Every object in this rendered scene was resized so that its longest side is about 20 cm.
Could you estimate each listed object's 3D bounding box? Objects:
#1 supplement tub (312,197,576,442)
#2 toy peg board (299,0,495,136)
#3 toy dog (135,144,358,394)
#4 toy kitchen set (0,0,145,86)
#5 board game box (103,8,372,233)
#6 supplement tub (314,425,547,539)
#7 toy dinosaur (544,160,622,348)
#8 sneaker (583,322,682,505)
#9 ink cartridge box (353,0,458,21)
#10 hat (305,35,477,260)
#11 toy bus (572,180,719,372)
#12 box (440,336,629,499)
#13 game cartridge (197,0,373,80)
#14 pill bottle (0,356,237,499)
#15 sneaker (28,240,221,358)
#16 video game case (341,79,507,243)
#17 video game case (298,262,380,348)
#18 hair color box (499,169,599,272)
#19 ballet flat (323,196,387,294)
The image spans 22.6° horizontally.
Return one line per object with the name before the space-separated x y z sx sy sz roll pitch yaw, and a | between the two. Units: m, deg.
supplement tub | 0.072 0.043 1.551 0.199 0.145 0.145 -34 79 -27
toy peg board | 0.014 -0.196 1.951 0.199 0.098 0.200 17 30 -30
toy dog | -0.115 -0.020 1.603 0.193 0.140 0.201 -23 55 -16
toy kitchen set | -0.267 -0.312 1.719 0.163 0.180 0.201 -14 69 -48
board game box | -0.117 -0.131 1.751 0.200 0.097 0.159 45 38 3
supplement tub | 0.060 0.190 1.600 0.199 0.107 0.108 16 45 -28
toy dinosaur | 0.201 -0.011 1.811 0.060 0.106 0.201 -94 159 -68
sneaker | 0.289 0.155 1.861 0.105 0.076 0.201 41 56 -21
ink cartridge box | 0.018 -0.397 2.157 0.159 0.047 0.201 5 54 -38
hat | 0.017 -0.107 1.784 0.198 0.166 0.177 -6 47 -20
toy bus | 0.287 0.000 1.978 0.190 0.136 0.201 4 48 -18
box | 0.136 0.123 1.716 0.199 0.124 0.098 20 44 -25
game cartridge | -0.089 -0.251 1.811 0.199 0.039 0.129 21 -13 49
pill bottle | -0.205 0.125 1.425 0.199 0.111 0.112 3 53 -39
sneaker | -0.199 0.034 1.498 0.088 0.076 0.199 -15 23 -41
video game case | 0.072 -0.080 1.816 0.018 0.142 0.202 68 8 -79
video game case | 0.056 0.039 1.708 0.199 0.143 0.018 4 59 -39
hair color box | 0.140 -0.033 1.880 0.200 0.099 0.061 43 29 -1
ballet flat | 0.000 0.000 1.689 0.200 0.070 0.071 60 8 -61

#### [DIRECTIONS FOR THIS TASK]
Print out the complete data above, character for character.

#### [ANSWER TO THE PROBLEM]
Every object in this rendered scene was resized so that its longest side is about 20 cm.
Could you estimate each listed object's 3D bounding box? Objects:
#1 supplement tub (312,197,576,442)
#2 toy peg board (299,0,495,136)
#3 toy dog (135,144,358,394)
#4 toy kitchen set (0,0,145,86)
#5 board game box (103,8,372,233)
#6 supplement tub (314,425,547,539)
#7 toy dinosaur (544,160,622,348)
#8 sneaker (583,322,682,505)
#9 ink cartridge box (353,0,458,21)
#10 hat (305,35,477,260)
#11 toy bus (572,180,719,372)
#12 box (440,336,629,499)
#13 game cartridge (197,0,373,80)
#14 pill bottle (0,356,237,499)
#15 sneaker (28,240,221,358)
#16 video game case (341,79,507,243)
#17 video game case (298,262,380,348)
#18 hair color box (499,169,599,272)
#19 ballet flat (323,196,387,294)
The image spans 22.6° horizontally.
Return one line per object with the name before the space-separated x y z sx sy sz roll pitch yaw, and a | between the two. Units: m, deg.
supplement tub | 0.072 0.043 1.551 0.199 0.145 0.145 -34 79 -27
toy peg board | 0.014 -0.196 1.951 0.199 0.098 0.200 17 30 -30
toy dog | -0.115 -0.020 1.603 0.193 0.140 0.201 -23 55 -16
toy kitchen set | -0.267 -0.312 1.719 0.163 0.180 0.201 -14 69 -48
board game box | -0.117 -0.131 1.751 0.200 0.097 0.159 45 38 3
supplement tub | 0.060 0.190 1.600 0.199 0.107 0.108 16 45 -28
toy dinosaur | 0.201 -0.011 1.811 0.060 0.106 0.201 -94 159 -68
sneaker | 0.289 0.155 1.861 0.105 0.076 0.201 41 56 -21
ink cartridge box | 0.018 -0.397 2.157 0.159 0.047 0.201 5 54 -38
hat | 0.017 -0.107 1.784 0.198 0.166 0.177 -6 47 -20
toy bus | 0.287 0.000 1.978 0.190 0.136 0.201 4 48 -18
box | 0.136 0.123 1.716 0.199 0.124 0.098 20 44 -25
game cartridge | -0.089 -0.251 1.811 0.199 0.039 0.129 21 -13 49
pill bottle | -0.205 0.125 1.425 0.199 0.111 0.112 3 53 -39
sneaker | -0.199 0.034 1.498 0.088 0.076 0.199 -15 23 -41
video game case | 0.072 -0.080 1.816 0.018 0.142 0.202 68 8 -79
video game case | 0.056 0.039 1.708 0.199 0.143 0.018 4 59 -39
hair color box | 0.140 -0.033 1.880 0.200 0.099 0.061 43 29 -1
ballet flat | 0.000 0.000 1.689 0.200 0.070 0.071 60 8 -61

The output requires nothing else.